All Topics / Value Adding / how to assess if a subdivision deal is worth going for or not?
Hi guys I am thinking of sub dividing as well just wondering how do u guys determine if a particular deal is worth chasing or not do u look at the cash in hand only, i.e like I will have 150K in hand after subdivision cost and selling fee so its a good deal or u would do the maths as if u were going to sell the backyard(even u may not)and exisitng house, i.e income=selling existing house(which would be devalued abit after subdivision due to smalled land..+new lot in the chopped backyard cost=purchasing price+purchasing cost+subdivision+renovation cost to bring the existing house up for sale+subdivision cost+selling fees and you wont proceed if income-cost= was less than 20% profit Just would like to which method u pick or there is another way to look at a particular deal?
Hi there,
Subdivision has so many varying factors which determine the outcome. Your best bet to determine feasibility would be to talk with a private town planner. There’s a few on the forums here who I’m sure will be happy to help with your questions. Spending a small amount before the development on getting a complete run-down of your costs and projected profit can save many headaches and large costs down the track.
Cheers,
Wow I got really confused trying to read that.

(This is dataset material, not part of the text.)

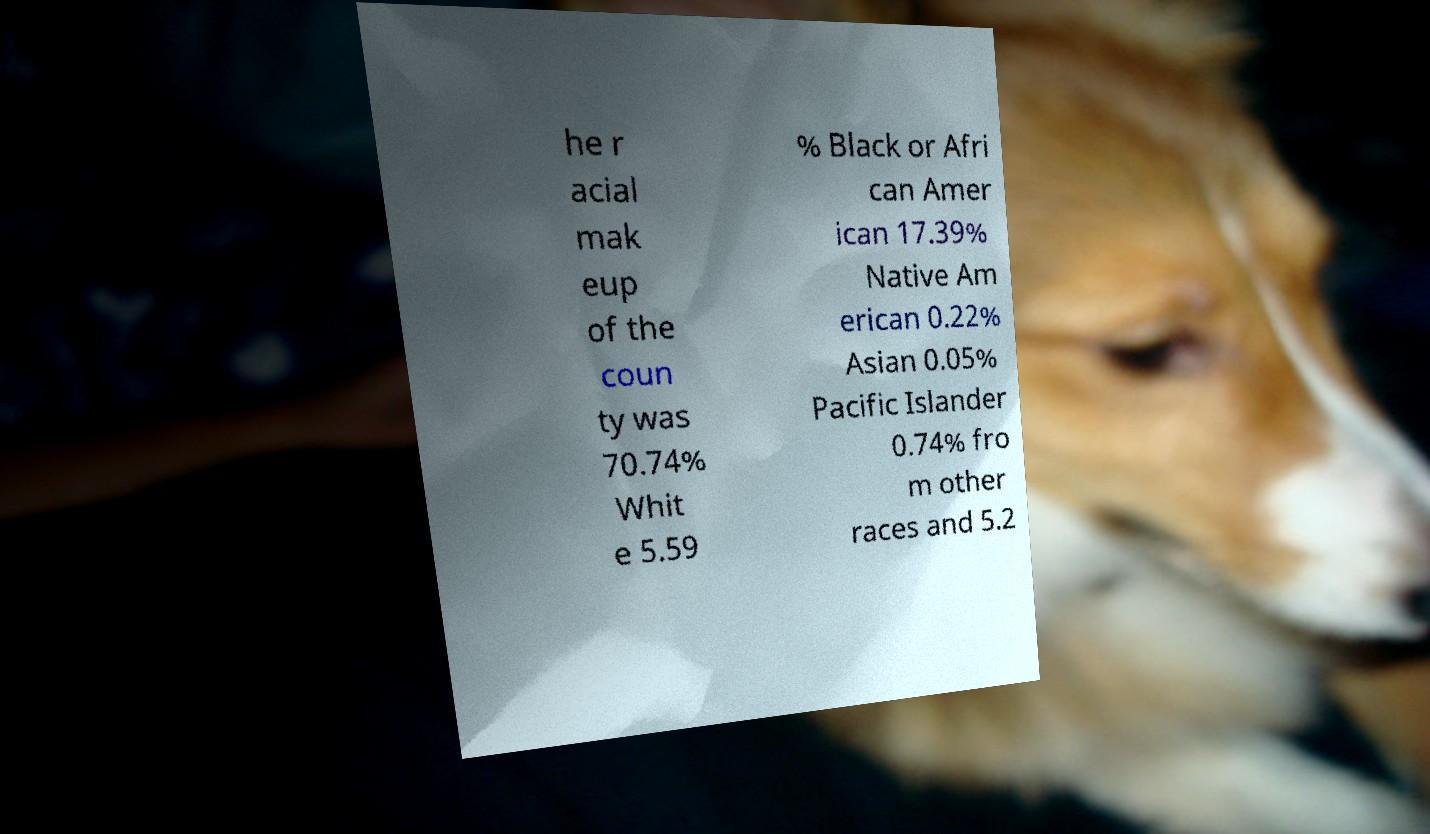Please read and relay the text visible in this image. What does it say? he r acial mak eup of the coun ty was 70.74% Whit e 5.59 % Black or Afri can Amer ican 17.39% Native Am erican 0.22% Asian 0.05% Pacific Islander 0.74% fro m other races and 5.2

I think you are asking do you determine whether a project is feasable based on either a % return target or a cash profit target. You probably should work on a combination of both, but instead of just basing all your figures on one set of sell prices and build costs, base your calcs on a number of scenarios of lower sell prices and excalating build costs.
So you could calculate the return based on a scenario of higher than expected build costs and needing to sell at lower than expected sale prices. This would be your worst case result, and of course you need to plan for what you would do and know what to expect under a worst case scenario.

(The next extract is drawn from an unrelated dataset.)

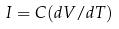Convert formula to latex. <formula><loc_0><loc_0><loc_500><loc_500>I = C ( d V / d T )</formula>

Purely judging whether something is feasible based on a % return only is not really considering everything, as a project with a cost of say $1.5m returing a likely 10% after costs with next to no downside risk might be more attractive than the same project with a likely 25% return with large downside risk. Similarly a $$ return only target is not really considering everything for similar reasons.
Cheers,
LukeHi all
Ashley (or others), I don't suppose you could list some of those more important factors to take into account. We have a builder that is helping us evaluate potential development properties but it seems a bit of a secret black art.
Cheers
ShaneHi Shane,
I’m not a financial expert so can’t give you much information on that part, but can help out with the subdivision/surveying questions.
– Check zoning of the site. There’s so much free information available on the internet explaining which zone means what.

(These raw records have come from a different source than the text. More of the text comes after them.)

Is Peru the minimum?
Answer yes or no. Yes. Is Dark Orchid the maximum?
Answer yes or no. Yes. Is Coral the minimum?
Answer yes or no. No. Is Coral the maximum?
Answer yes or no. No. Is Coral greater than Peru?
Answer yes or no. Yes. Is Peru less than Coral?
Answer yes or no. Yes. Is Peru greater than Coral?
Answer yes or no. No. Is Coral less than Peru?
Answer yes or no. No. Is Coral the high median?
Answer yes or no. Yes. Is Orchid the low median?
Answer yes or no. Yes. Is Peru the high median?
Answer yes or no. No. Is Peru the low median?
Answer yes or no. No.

– Talk to council. Arrange a meeting to discuss any concerns they might have. Arrange Pre-Application meeting. I can’t emphasize how important this is.
– Check if there’s any covenants or easements which will be a problem. Copies of title aren’t expensive – I can get them for $12.50 if anyone needed one.
– Look at the neighborhood characteristics- are there any subdivisions in your LP already? What are the houses like? (old/modern etc)
– Look at the area of the site, will you need to have something designed first? What type of subdivision suits best? Check driveway width etc. Will there be any issues with trees, setbacks, neighbour houses?These are just some things off the top of my head after what has been a long week. There isn’t a “blanket” solution to finding the correct site- you’re much better off looking at a particular property(ies) and then going to a surveyor / town planner and asking what they think about it.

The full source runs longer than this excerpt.